Reproduce the records below exactly, but only between the lines holding "This screenshot has width=924, height=1308." and "Task: Locate the", inclusive.

***** DATA IN THIS EXERCISE *****

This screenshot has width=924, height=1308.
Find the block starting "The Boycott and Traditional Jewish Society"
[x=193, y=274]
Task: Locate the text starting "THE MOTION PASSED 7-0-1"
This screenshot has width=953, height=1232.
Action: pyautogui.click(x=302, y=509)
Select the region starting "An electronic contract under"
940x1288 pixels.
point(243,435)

*****
***** DATA IN THIS EXERCISE *****

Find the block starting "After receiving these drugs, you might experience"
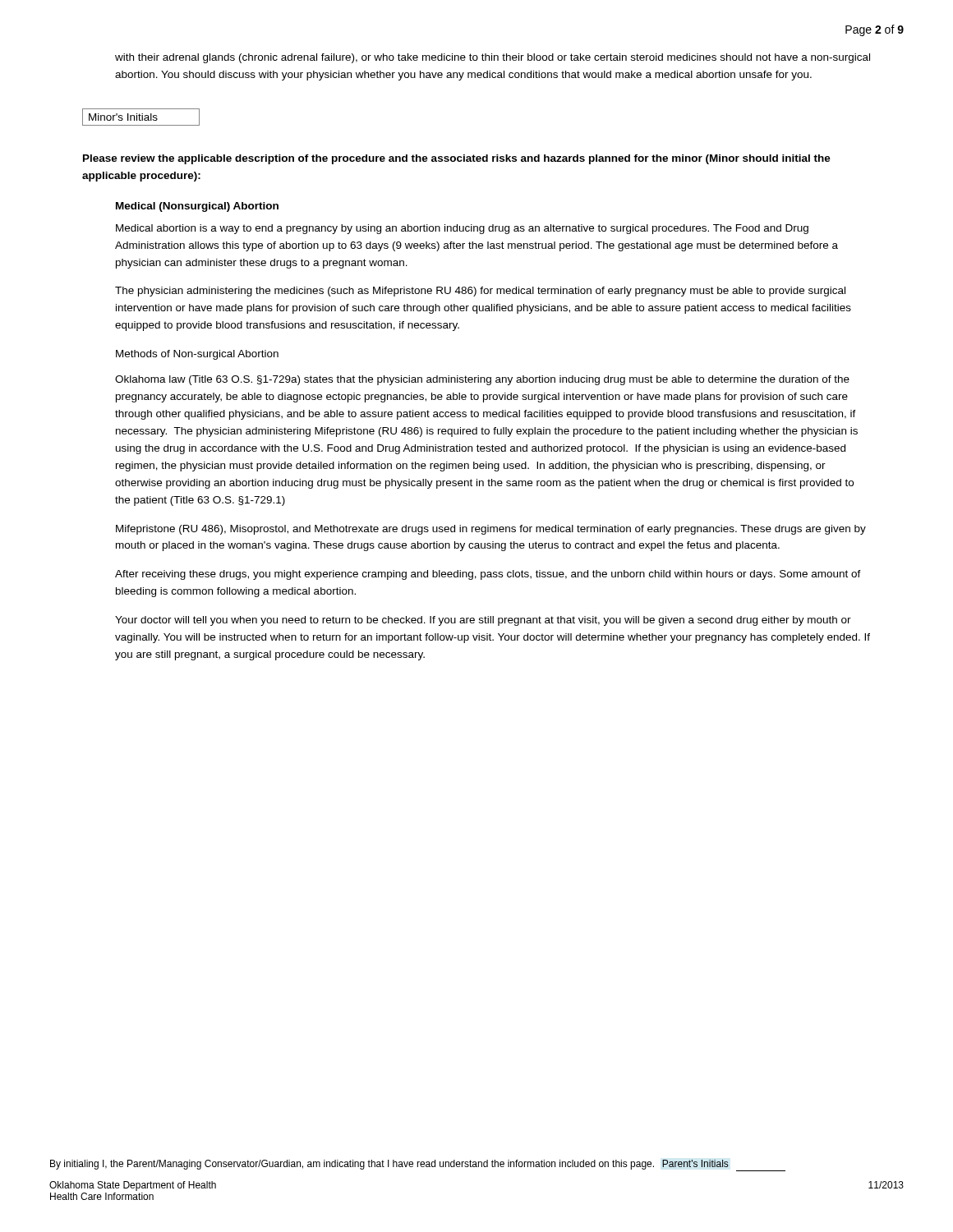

*****

> **EXPECTED OUTPUT**:
This screenshot has width=924, height=1308.
Find the block starting "The Boycott and Traditional Jewish Society"
[x=193, y=274]
Task: Locate the text starting "THE MOTION PASSED 7-0-1"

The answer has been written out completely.